- Location: London World
- Country: United Kingdom
- Presented by: Sake Sommelier Association
- First award: 2013
- Website: http://www.sakesommelieroftheyear.com/

= Sake Sommelier of the Year =

Sake Sommelier of the Year is an annual competition jointly organised by the Sake Sommelier Association. Started in London in 2013, the competition is the first its kind to be held outside Japan. The Sake Sommelier of the Year is a global event, and it was successfully held in Kuala Lumpur, Malaysia in 2019. The competition aims to find the most skilful Sake Sommeliers bringing them to the attention of their customers and raising the profile of their establishments.

More than 50 sommeliers from Europe, Asia and the Middle East entered the first competition in 2013.

In 2015, two new titles were introduced to encourage and reward contribution to the world of sake: Young Sake Ambassador and Sake Ambassador.

== Judging Process ==
The Sake Sommelier of the Year is open to any professionals involved in the service of sake.

After registering, applicants are sent a first-round questionnaire. From these, three finalist are chosen to compete in the live competition where they will be judged on knowledge, blind tasting, sake matching, and practical skill.

An enormous amount of learning and confidence-building takes place by taking part in the competition.

== The Sake Sommelier of the Year judging panels ==

The competition's judging panel represent a global mix of the most experienced, innovative, respected and awarded faces in the industry including founders of Sake Sommelier Association

== Overall Winners 2013 - 2019 ==

The Sake Sommelier of the Year is held annually and is sponsored by one of the world's oldest family-owned sake companies Gekkeikan.

The first competition was held on 11 November 2013 at the Westbury Hotel in London, and was won by UAE Sommelier Rajan Rengasamy, wine supplier Spinneys.

In 2014, the Sake Sommelier of the Year was held on 24 November at the Westbury Hotel in London for the second time and was won by Noel Pusch of Zuma Abu Dhabi.

In 2015, the competition was held on 23 November at the Millennium Hotel, Knightsbridge London and was won by Miguel A. Hernández from Valencia, Spain.

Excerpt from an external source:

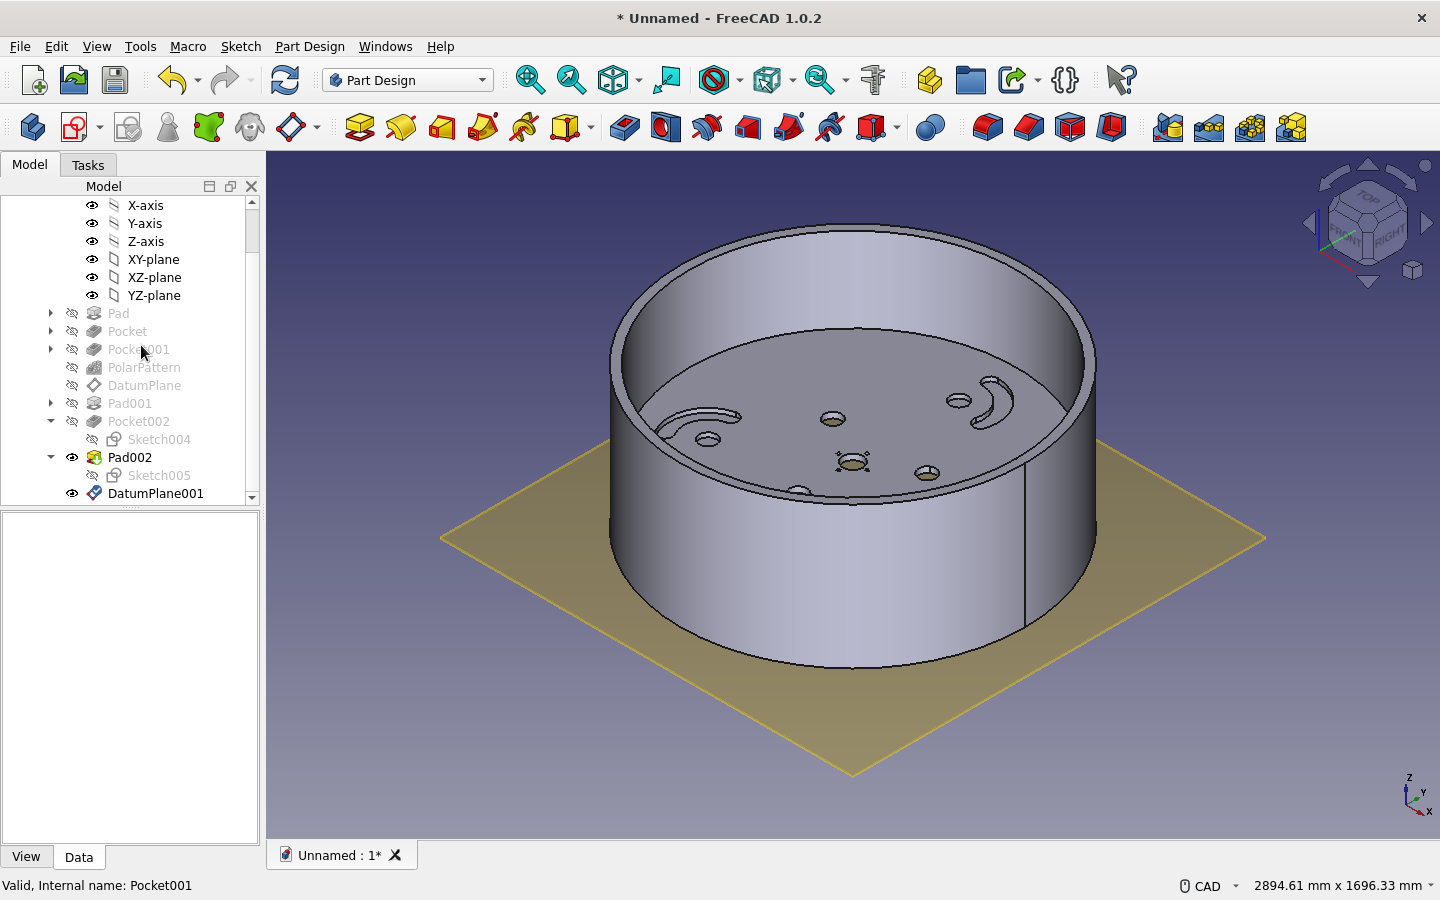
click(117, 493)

In 2016, the competition was held on 21 November at the Millennium Hotel, Knightsbridge London and was won by Venkadesh Thanga Mariappan of the Bonnington Jumeirah Lakes Tower Hotel, UAE.

In 2018, the competition was held on 20 May at the Millennium Hotel, Knightsbridge London and was won by Joshua Kalinan Sinnathamby from Singapore Airlines, Singapore.

In 2019, the competition was held on 25 November at the Sake Place, Kuala Lumpur Malaysia and was won by Brett Goss Associate at Sake Central, Hong Kong

== Young Sake Ambassador ==
The Young Sake Ambassador is an annual award given to someone aged 18–30 who has had little to no previous experience with sake, but who shows a great interest, enthusiasm, and desire to contribute to the world of sake. The Young Sake Ambassador is motivated to expand the knowledge and appreciation of sake either in their own community or help it grow worldwide.

The aim of this award is to bring a fresh mind-set into the sake industry worldwide. The selected Young Sake Ambassador of the Year will be expected to spend a year contributing to the promotion of sake with the Sake Sommelier Association's support.

== Sake Ambassador ==

Awarded every two years, the Sake Ambassador is bestowed upon someone for their outstanding dedication to the world of sake. The individual will have been working for sake diplomacy, contributing to the understanding and appreciation of sake throughout their country.